In [None]:
from time import perf_counter
start = perf_counter()

In [None]:
MODELS = {
    "llama-full": "llama3:8b-instruct-fp16",          # 16 GB
    "llama": "llama3:8b-instruct-q5_K_M",             # 5.7 GB

    "mistral-full": "mistral:7b-instruct-fp16",       # 14 GB
    "mistral": "mistral:7b-instruct-q5_K_M",          # 5.1 GB

    "phi": "phi3:14b-medium-4k-instruct-q5_K_M",      # 10 GB
    "phi-mini": "phi3:3.8b-mini-4k-instruct-q5_K_M",  # 2.8 GB
}

In [None]:
model_id = "llama"
MODEL = MODELS[model_id]

# Data pipeline

In [None]:
from webapp.process import *

## 0 | URL of the position to apply

In [None]:
url = "https://emploi.cnrs.fr/Offres/CDD/FR636-MARCAS-009/Default.aspx"

## 1 | Fetching data

In [None]:
source_code_html = fetch_data(url)

## 2 | Clearing data

### 2.1 - Regex

In [None]:
final_content = html_extract_content(source_code_html)

### 2.2 AI summary

In [None]:
print(final_content)

In [None]:
position_data = summarize_position_data(final_content, language="Francais", model=MODEL)
print(position_data)

## 3 | Saving position's data

### 3.1 Create application's folder

In [None]:
import os
from datetime import datetime, timedelta
import time

def create_timestamped_folder():
    while True:
        # Get the current timestamp
        current_timestamp = datetime.now()

        # Format the timestamp
        timestamp_str = current_timestamp.strftime("%Y-%m-%d_%H-%M")

        # Create the new folder name
        folder_name = f"data/applications/{timestamp_str}_{model_id}"

        # Check if the folder already exists
        if not os.path.exists(folder_name):
            # Create the new folder
            os.makedirs(folder_name)
            print(f"New folder created: {folder_name}")
            break
        else:
            # Wait until the start of the next minute
            print(f"Folder {folder_name} already exists.
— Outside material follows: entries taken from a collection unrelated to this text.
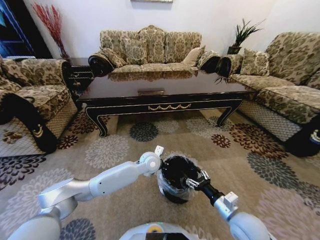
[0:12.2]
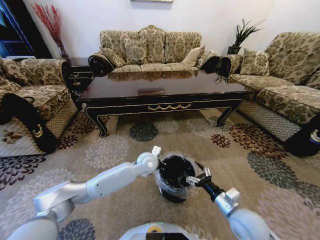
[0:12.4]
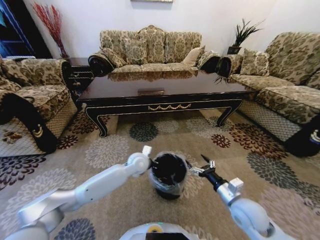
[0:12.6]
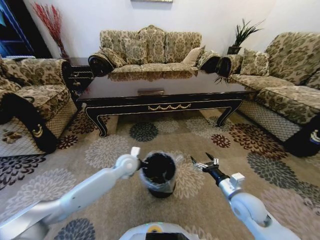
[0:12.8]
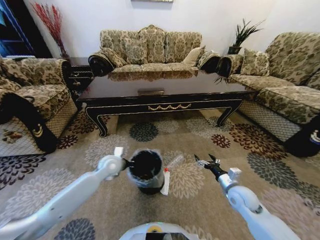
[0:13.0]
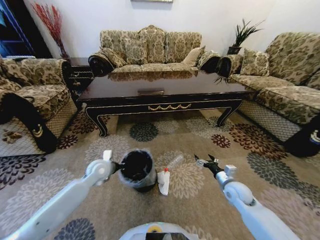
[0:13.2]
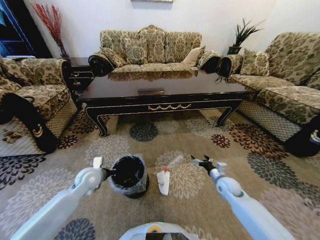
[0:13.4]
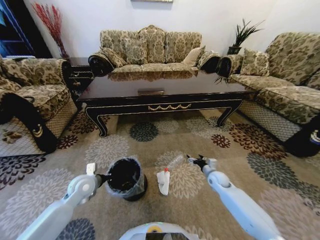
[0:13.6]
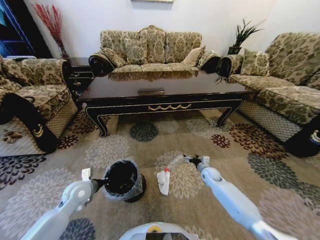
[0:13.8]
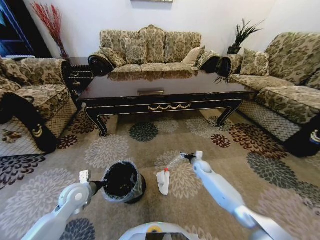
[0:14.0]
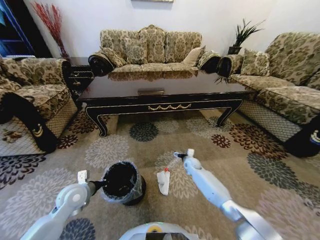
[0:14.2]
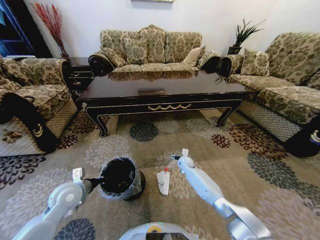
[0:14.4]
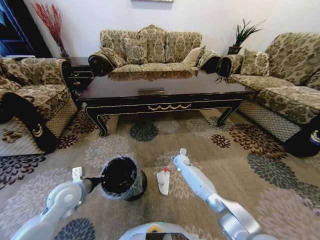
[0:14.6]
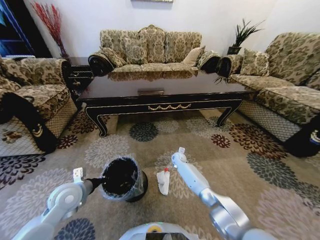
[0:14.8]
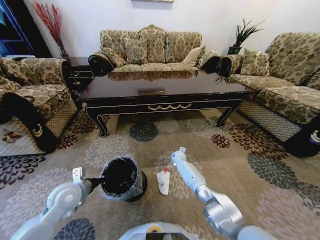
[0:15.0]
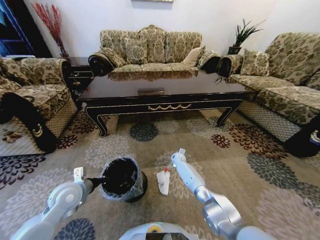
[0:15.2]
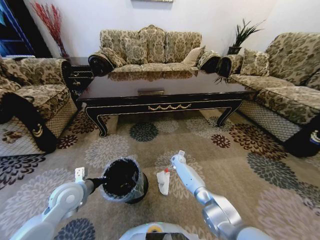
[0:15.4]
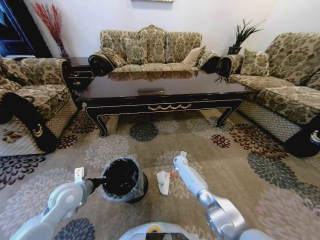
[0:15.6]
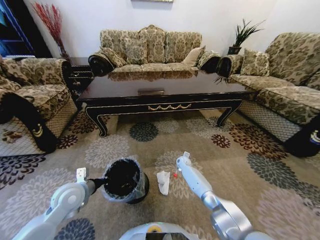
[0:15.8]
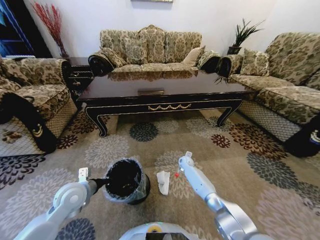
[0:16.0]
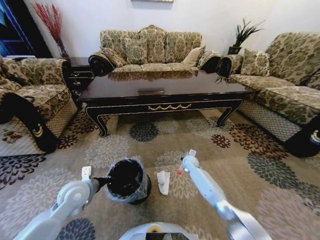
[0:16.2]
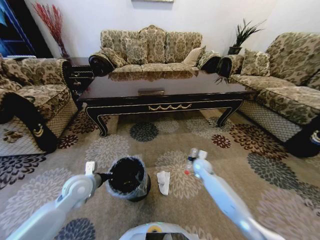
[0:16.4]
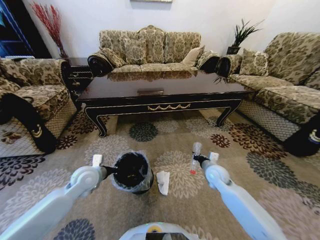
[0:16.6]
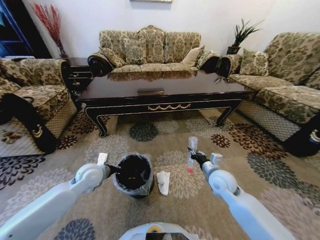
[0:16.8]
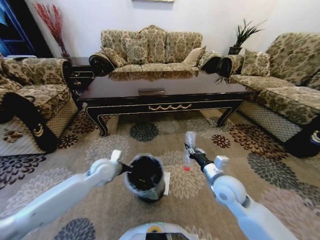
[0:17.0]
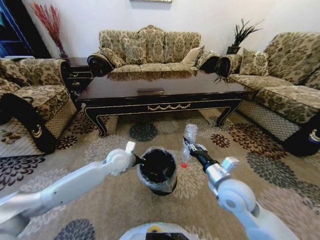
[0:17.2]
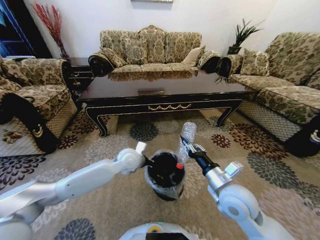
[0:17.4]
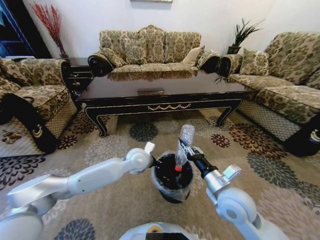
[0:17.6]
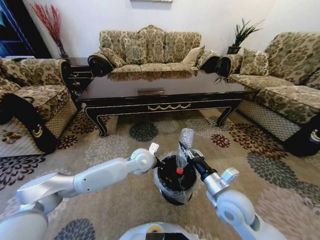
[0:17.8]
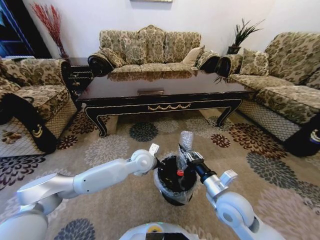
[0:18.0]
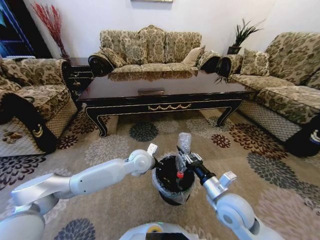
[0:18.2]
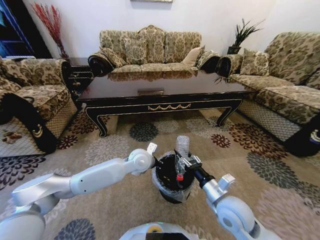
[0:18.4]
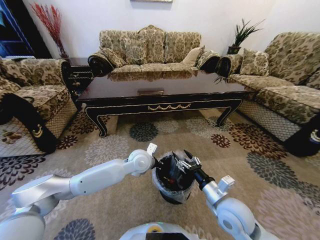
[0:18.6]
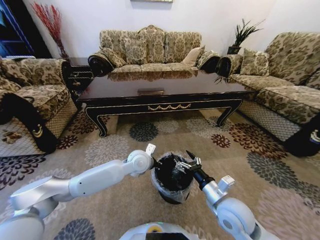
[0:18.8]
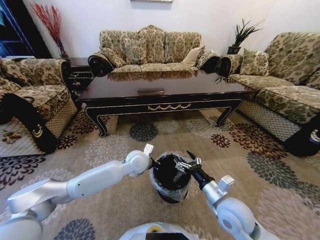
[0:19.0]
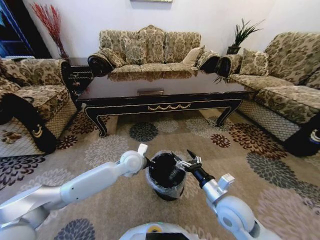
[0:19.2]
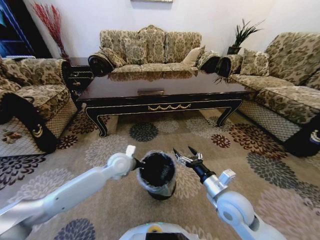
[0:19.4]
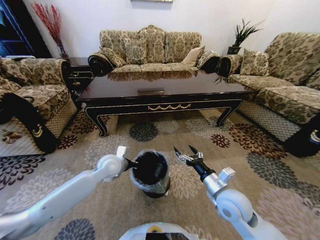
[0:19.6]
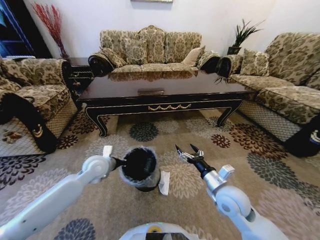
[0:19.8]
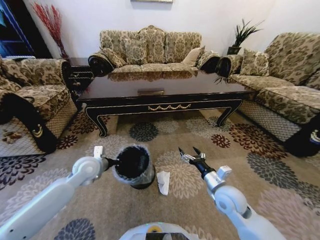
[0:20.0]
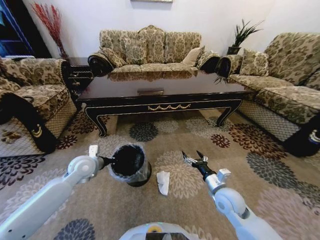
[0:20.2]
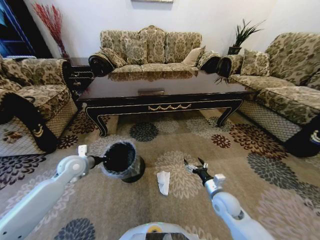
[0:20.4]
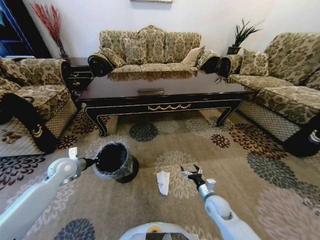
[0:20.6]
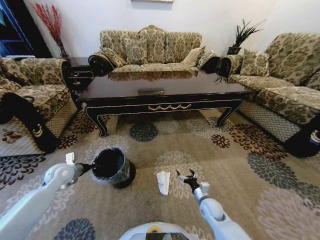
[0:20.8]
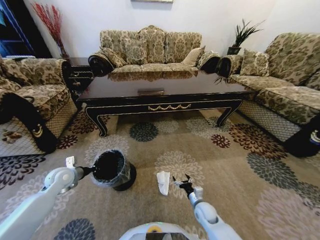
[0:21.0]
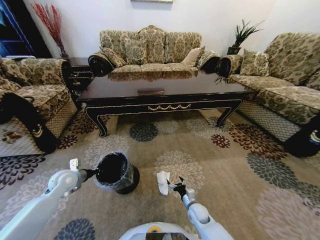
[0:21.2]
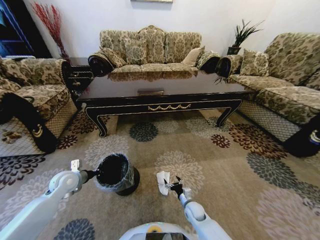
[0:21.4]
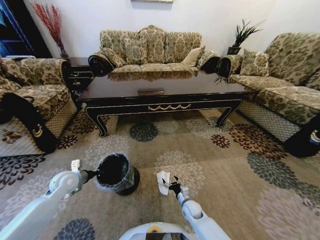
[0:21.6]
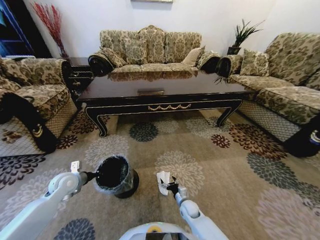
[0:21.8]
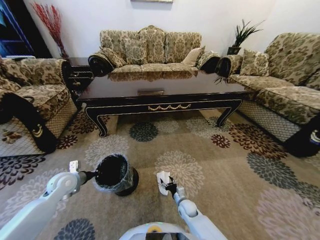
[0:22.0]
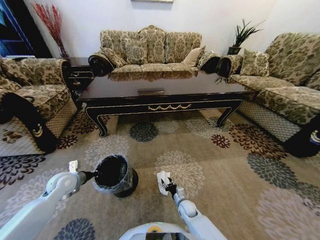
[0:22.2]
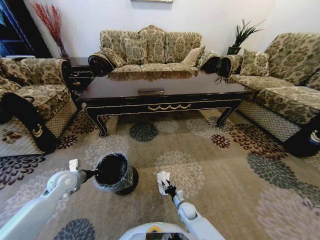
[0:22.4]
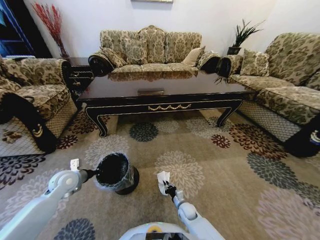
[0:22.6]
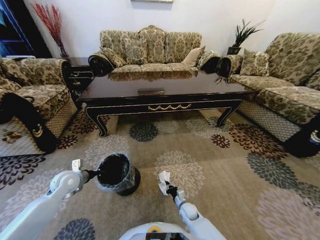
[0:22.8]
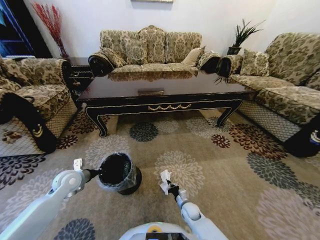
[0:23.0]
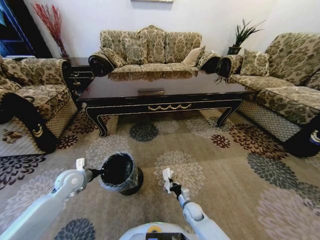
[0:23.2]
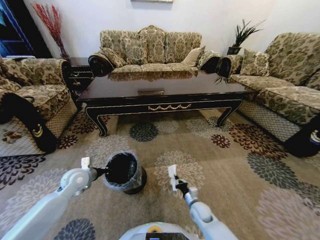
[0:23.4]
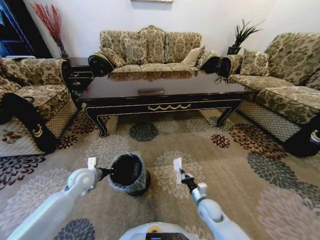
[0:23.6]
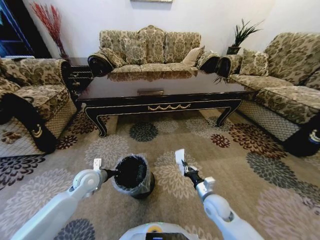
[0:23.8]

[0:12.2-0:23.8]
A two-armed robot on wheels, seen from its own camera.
Task of the whole recording: Move to the front of the table and pick up the trash from the floor, then place it into the trash bin.
0:12.2 to 0:13.6: The left gripper heads to the left, covering about 30 cm. Meanwhile the right gripper shifts some 25 cm forward and downward.
0:13.6 to 0:15.0: The left gripper shifts by roughly 5 cm. The right gripper goes roughly 25 cm to the left and forward.
0:15.0 to 0:16.6: The left gripper moves forward, some 5 cm, while the right gripper is displaced backward, upward and to the right by some 25 cm, and closes.
0:16.6 to 0:18.0: The left gripper travels to the right by some 20 cm; the right gripper travels backward and upward by some 15 cm.
0:18.0 to 0:19.4: The right gripper opens its fingers. Meanwhile the left gripper travels to the left by some 10 cm.
0:19.4 to 0:21.0: The right gripper heads downward, covering approximately 25 cm. Meanwhile the left gripper heads to the left, covering about 25 cm.
0:21.0 to 0:22.4: The right gripper travels downward and to the left by about 10 cm, and closes.
0:22.4 to 0:23.8: The left gripper goes approximately 10 cm to the right; the right gripper goes about 20 cm upward and to the right, and closes its fingers.

Waiting for the next minute...")
            now = datetime.now()
            next_minute = (now + timedelta(minutes=1)).replace(second=0, microsecond=0)
            wait_time = (next_minute - now).total_seconds()
            time.sleep(wait_time)
    return folder_name

application_folder = create_timestamped_folder()

### 3.2 Position's data

In [None]:
with open(f'{application_folder}/position_data.json', 'w') as file:
    json.dump(position_data, file, indent=4)

## 4 | User data

In [None]:
user_data = json.load(open("data/user.json"))

## 5 | Cover letter

### 5.1 Content

In [None]:
cover_letter = generate_cover_letter(position_data=position_data, user_data=user_data, language="Francais", model=MODEL)
print(cover_letter)

### 5.2 Typst to pdf

In [None]:
export_cover_letter_for_pipeline(user_data, position_data, cover_letter, application_folder, "pdf")

In [None]:
print(perf_counter() - start)